Police recognize the big unanswered question in the Austin bombings investigation is "why?" Wednesday investigators found a 25-minute-long recording on the suspect's phone. In it he talks about the personal challenges that compelled him to start the bombings. Local, state and federal leaders called press conference the evening after the bomber was killed to pull back the curtain on their investigation to this point.

"We are never going to be able to put a rationale behind these acts, but what I can tell you having listened to that recording … he does not at all mention anything about terrorism, nor does he mention anything about hate. Instead it is the outcry of a very challenged young man talking about challenges in his personal life that lead him to this point," said Austin Police Chief Brian Manley.

Police say the suspect described -- in detail -- all of the bombs he built. All seven explosive devices have now been accounted for.

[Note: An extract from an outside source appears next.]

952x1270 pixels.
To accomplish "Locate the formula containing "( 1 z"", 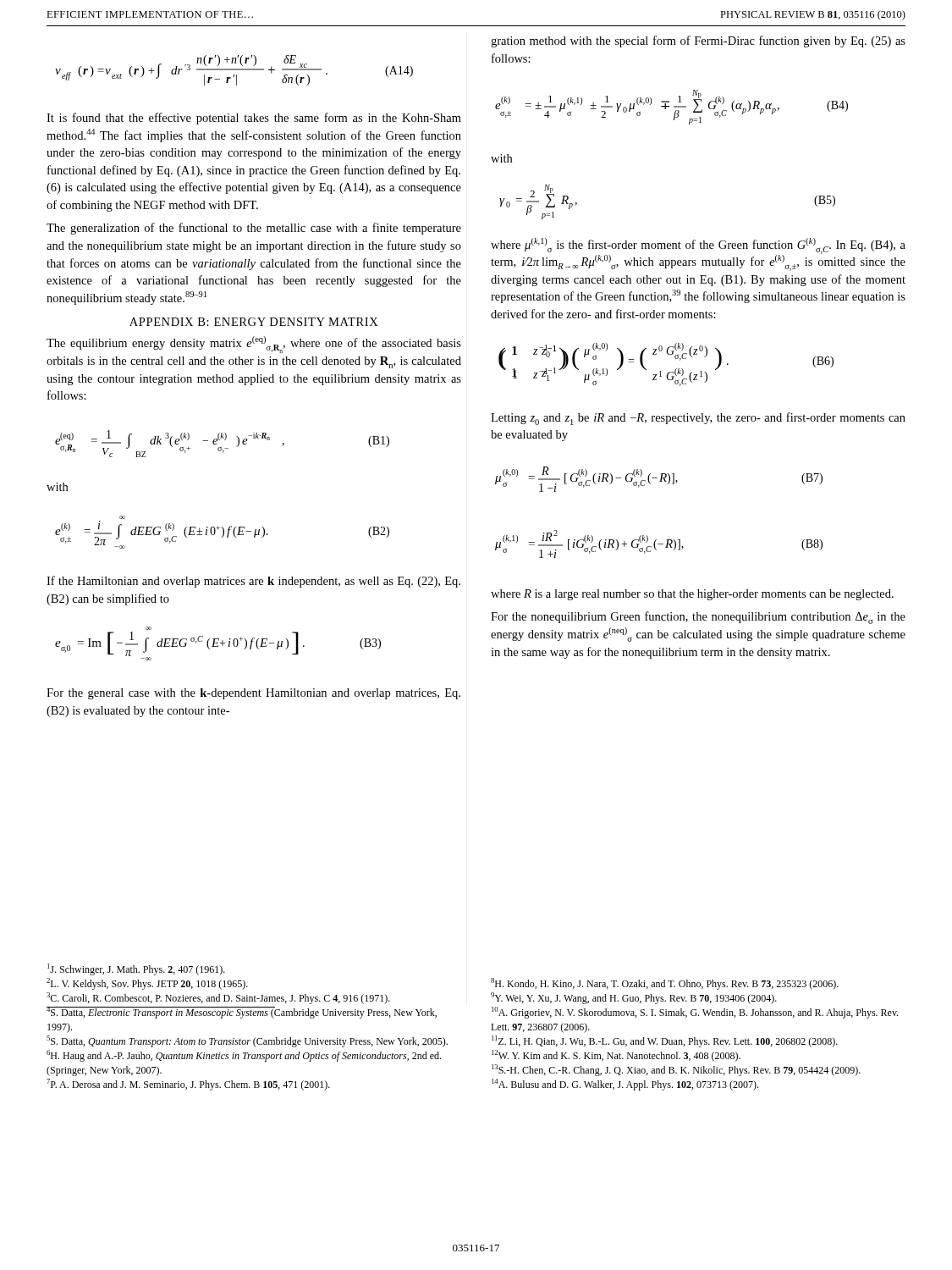I will pyautogui.click(x=696, y=364).

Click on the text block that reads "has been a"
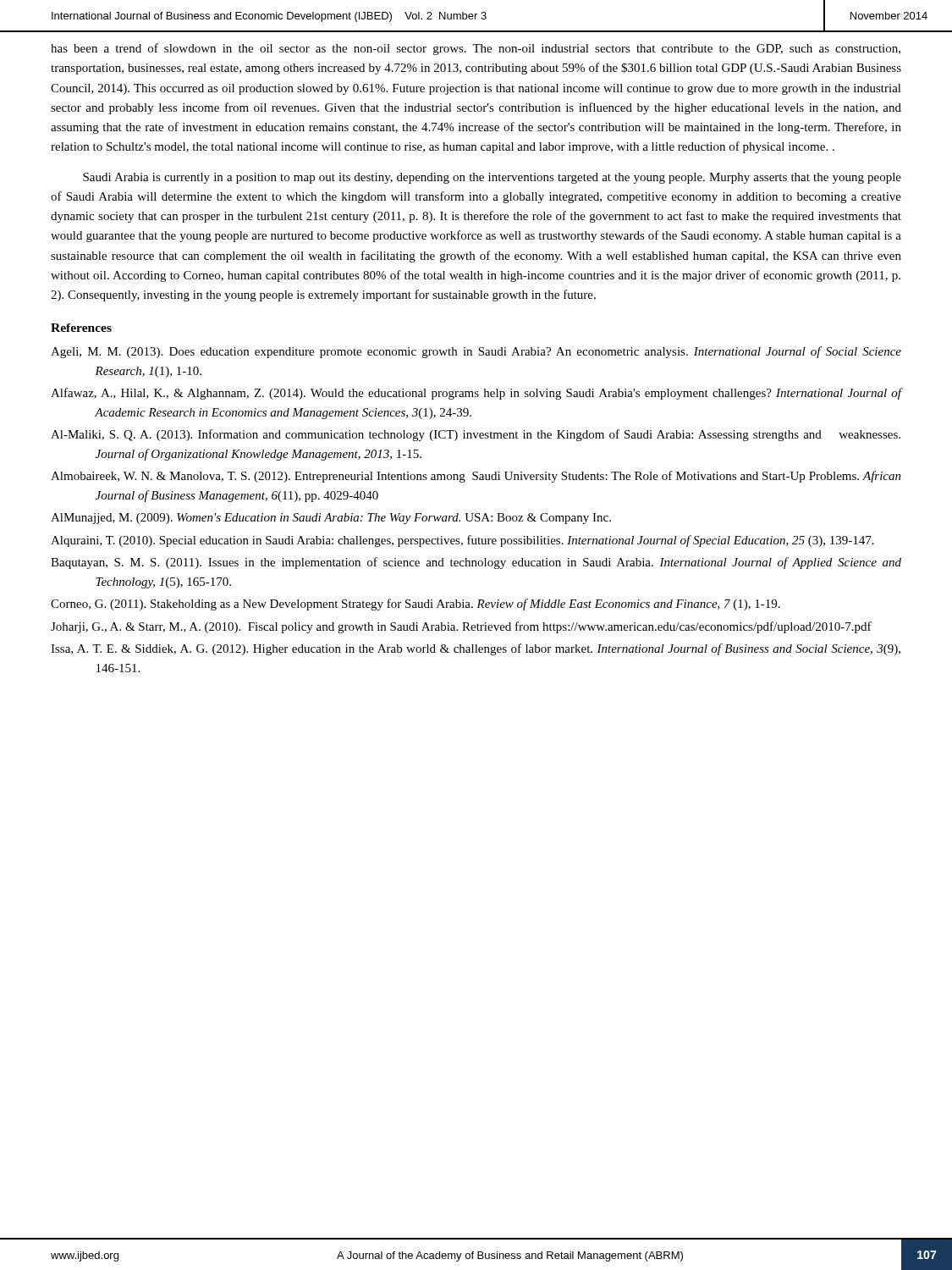[x=476, y=97]

"This can never be called a happy ending, but it's a damn good one for the people of this community and the State of Texas," said Travis County District Attorney Margaret Moore.

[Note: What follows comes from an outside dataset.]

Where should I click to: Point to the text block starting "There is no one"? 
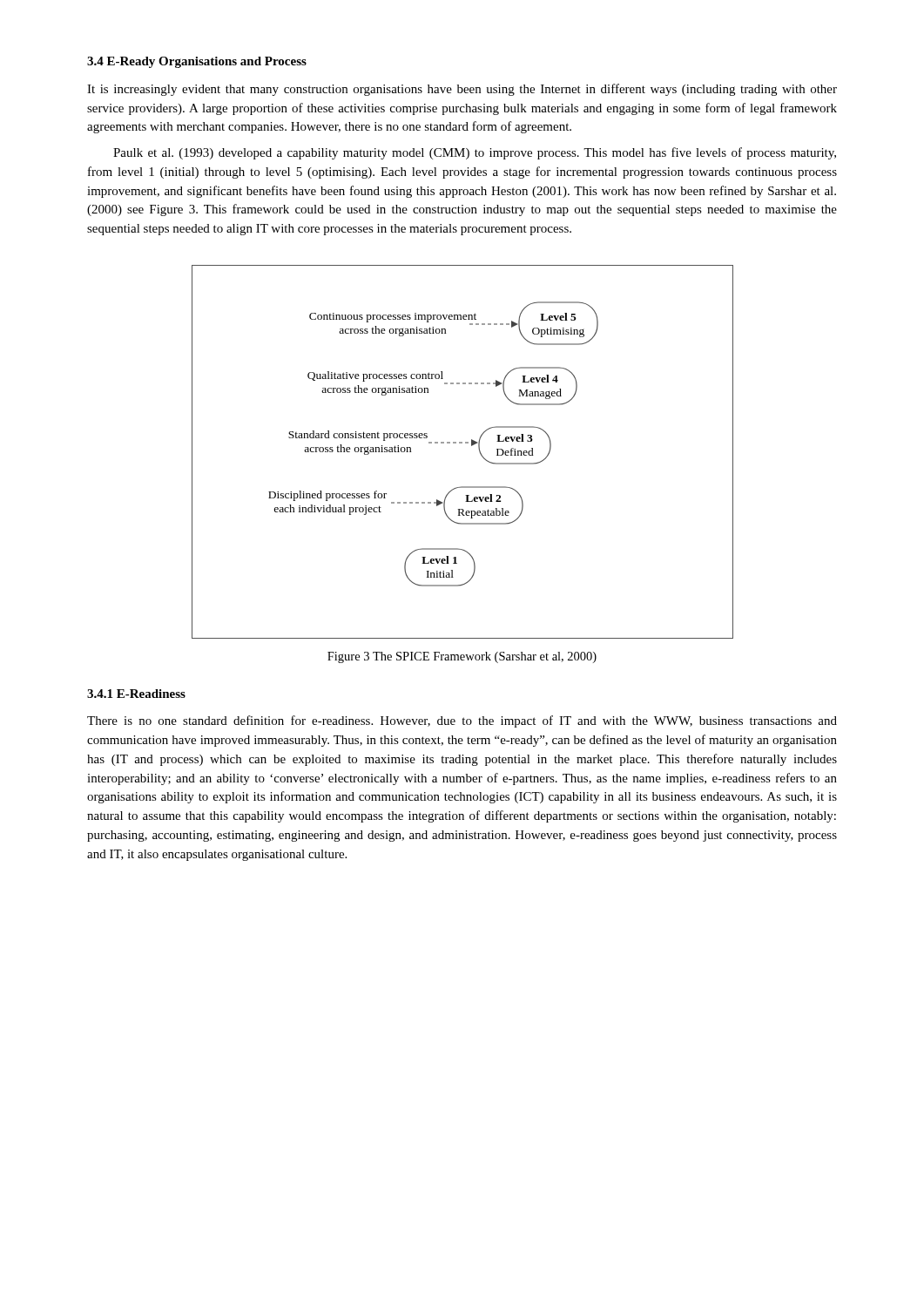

Moore said her office was prepared to seek the death penalty had the suspect been captured alive. She adds the leadership she saw from Manley is second to none.

"I can also tell you that your police chief made decisions in my presence that were tough to make but he made them well and I believe that he saved lives," Moore said.

"I've seen the video of what happened last night. You literally had Austin police officers running towards a vehicle that had an explosive device in it -- that detonated. That is unbelievable courage. Those are heroes," said San Antonio FBI Special Agent in Charge Christopher Combs.

As we honor our heroes, we also remember those lives lost.

"We can never forget the victims," said Governor Greg Abbott. Abbott said there was no telling how many more victims there might have been had the suspect not been stopped by law enforcement.

Police said the cause is still an open investigation and there are numerous details they cannot release to the public just yet. While all of the known bombs have been accounted for, they still encourage the community to be cautious and aware.